Databricks Community

DB_Learner_3 · ‎11-05-2024

Description:
As a data engineer, I need to implement an automated process to ingest data from multiple files in a subdirectory and create corresponding bronze tables. This process should handle full file refreshes and consider strategies to limit the growth of the bronze streaming tables.

Acceptance Criteria:

Identify Files: The process can identify all files in a specified subdirectory, handling both CSV
Build Table Definitions: The process can automatically generate table creation SQL statements based on the schema inferred from the input files.
Implement Bronze Table Ingestion: The process can ingest data from each file into a corresponding bronze table, handling full file refreshes (streaming then Materialized views)
Optimize Bronze Table Growth: The process includes a strategy to limit the growth of the bronze tables, such as materialized views, bronze table with truncate/merge, or partitioning.
Provide Reusable and Maintainable Code: The ingestion process is implemented as a reusable Python script Can someone help on this

BigRoux · ‎11-06-2024

What do you mean by "full file refreshes"? Does this refer to the fact that file names will be reused?

DB_Learner_3 · ‎11-07-2024

We are trying an ingestion process to bronze table from a volume, and in that volume if multiple CSV files are there it need to loop through each file as a full refresh mode (truncate the old file and load the new file) , if we are using autoloader option currently its appending the data each time it reads the new file instead load the new data,

BigRoux · ‎11-07-2024

Autoloader will keep an inventory of the files it already loaded and not re-load them, this is the default behavior.

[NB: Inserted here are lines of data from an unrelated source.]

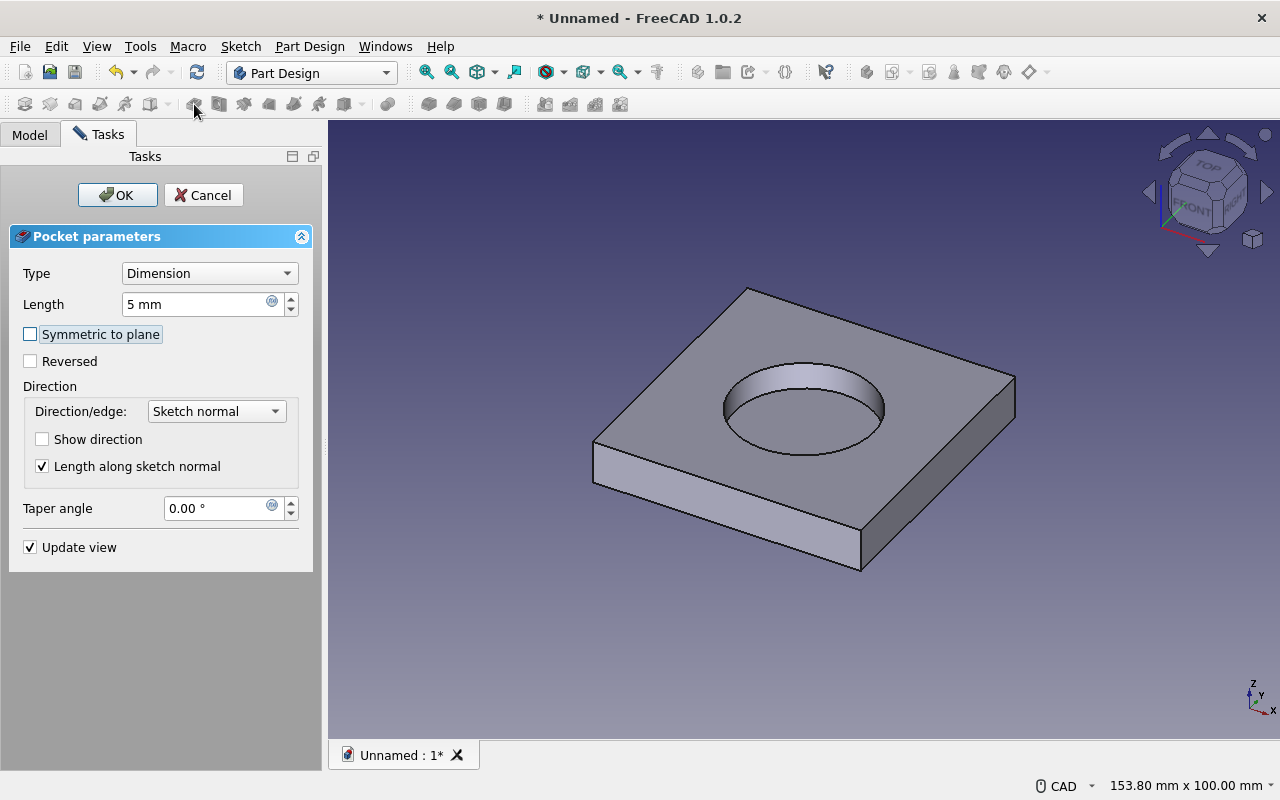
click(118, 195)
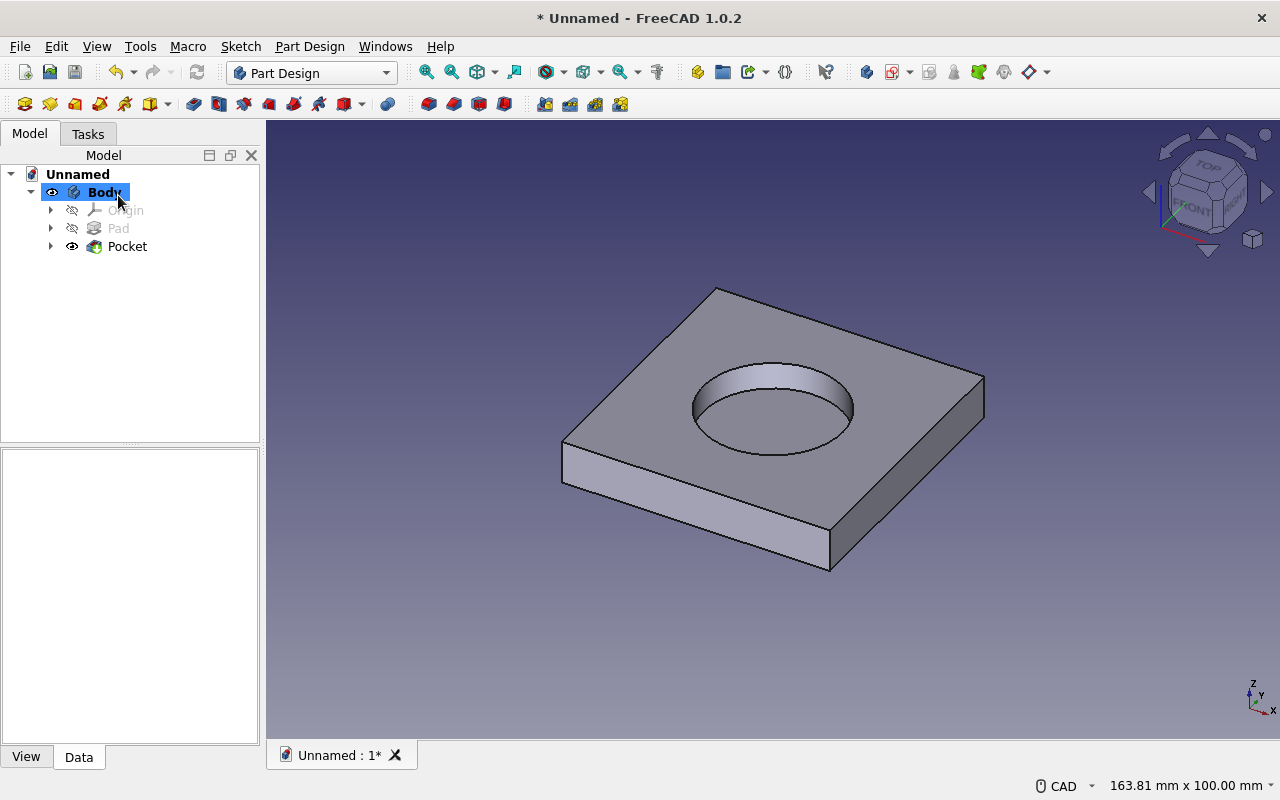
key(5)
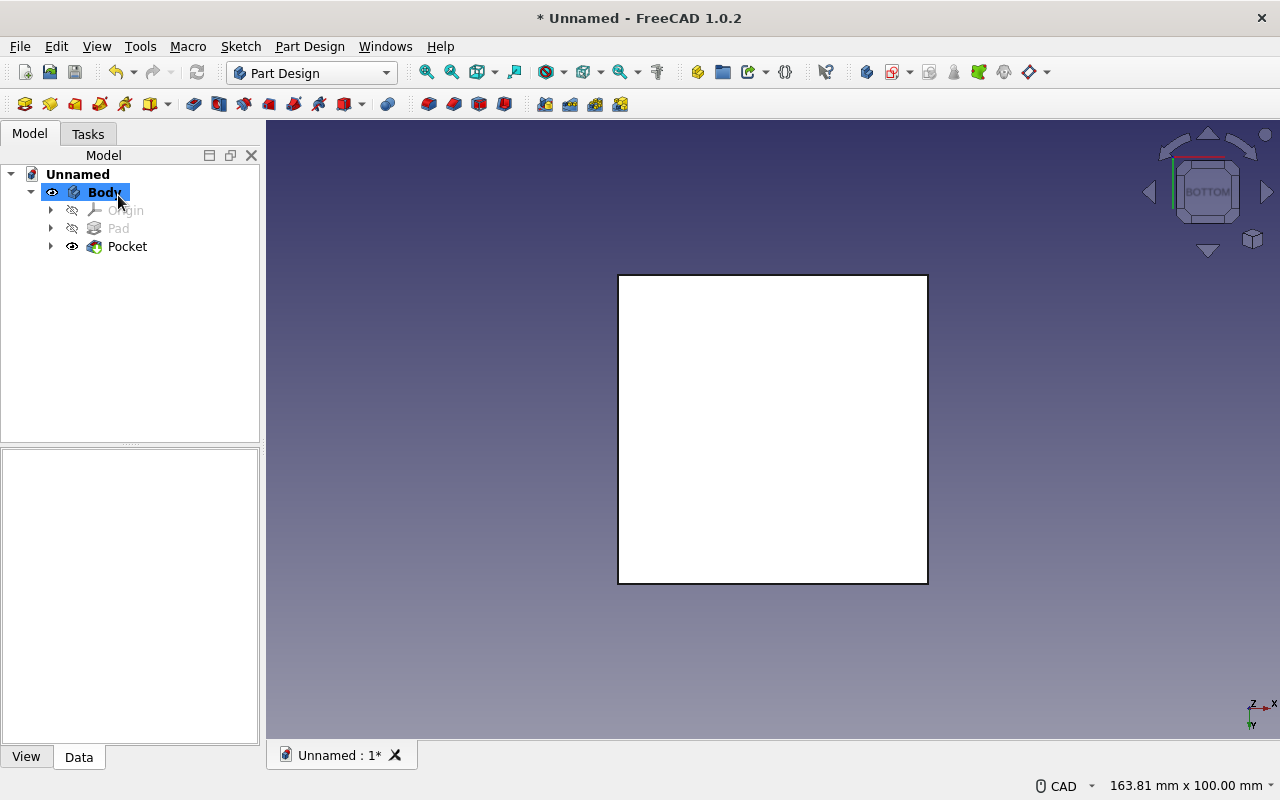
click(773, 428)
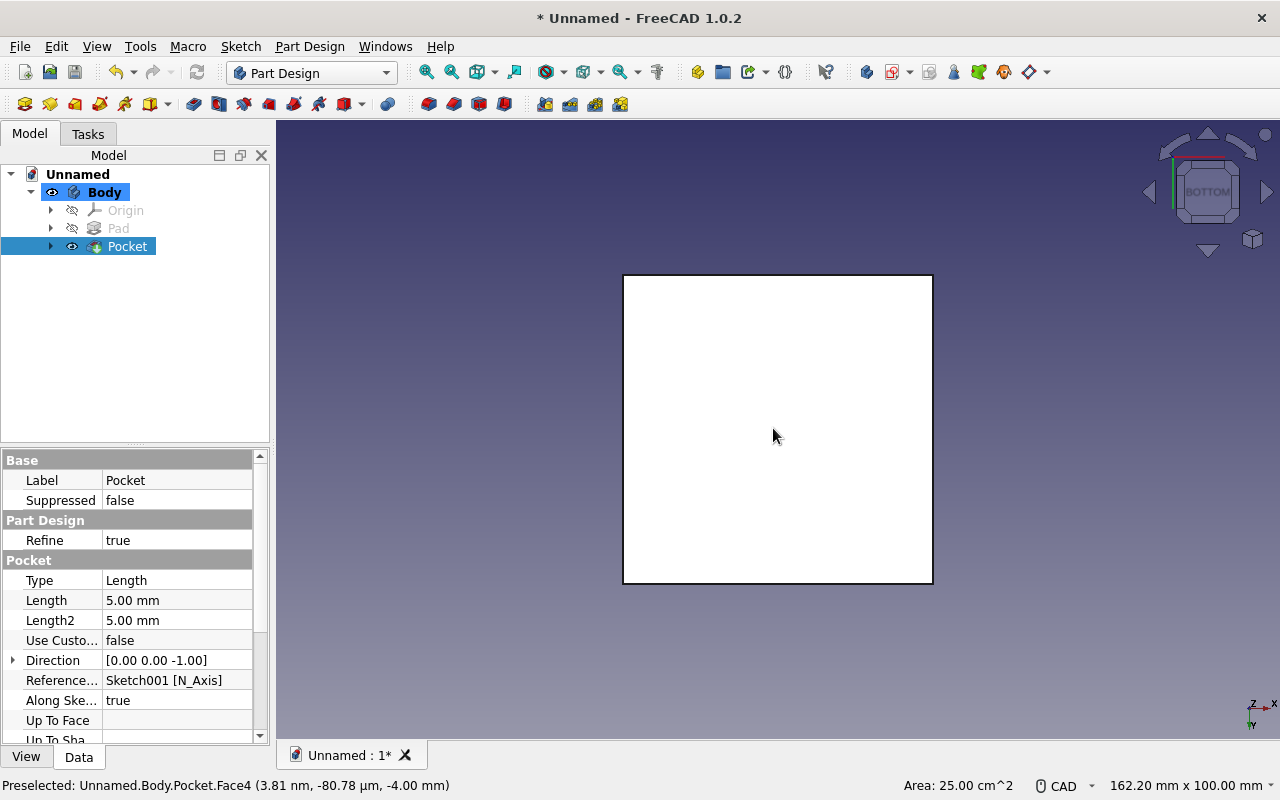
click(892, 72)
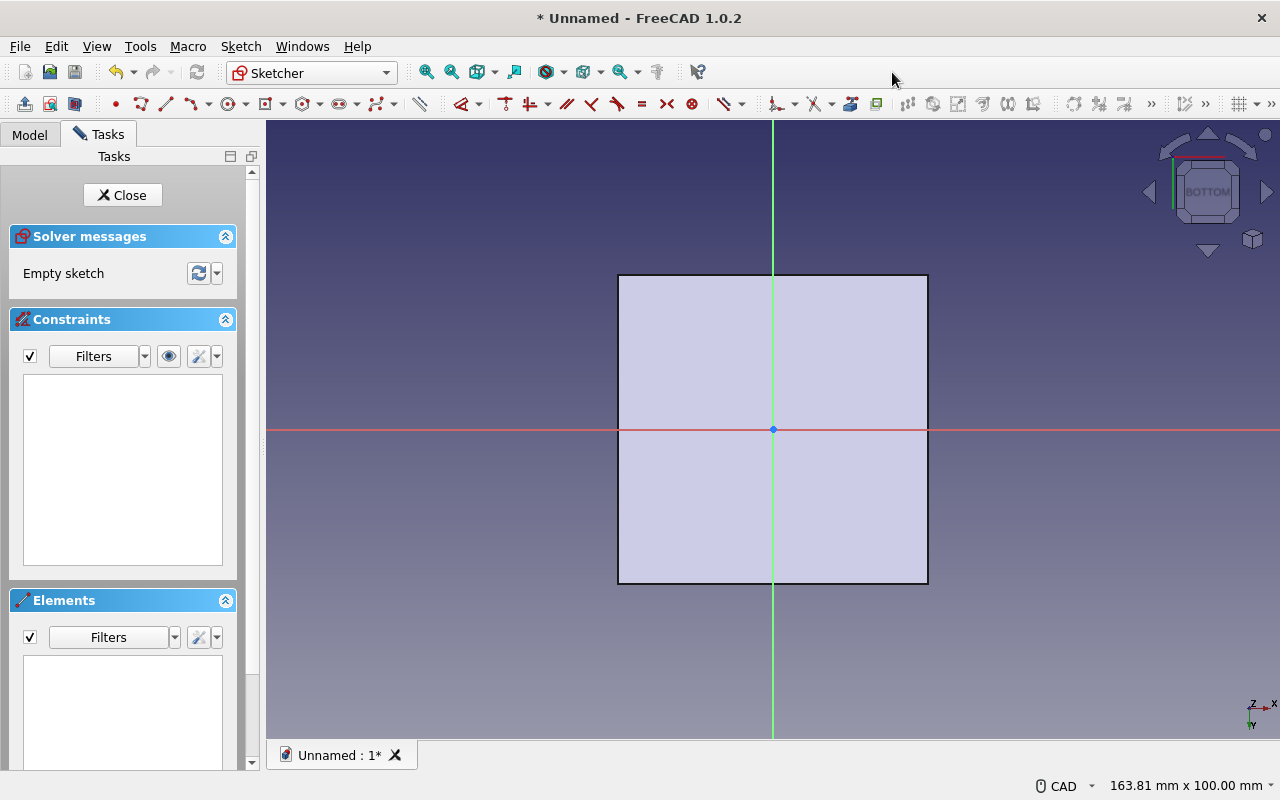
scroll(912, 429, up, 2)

You can overwride this behavior by enabling "cloudFiels.allowOverwrites" and autoloader will re-ingest the files based on file modificaiton time. Keep in mind that autoloader cannot detect records already loaded, it will reload the same data twice if you implement the "cloudFiles.allowOverwrites". It is our recommended best practice, when loaded files into cloud storage, to create new files with new names.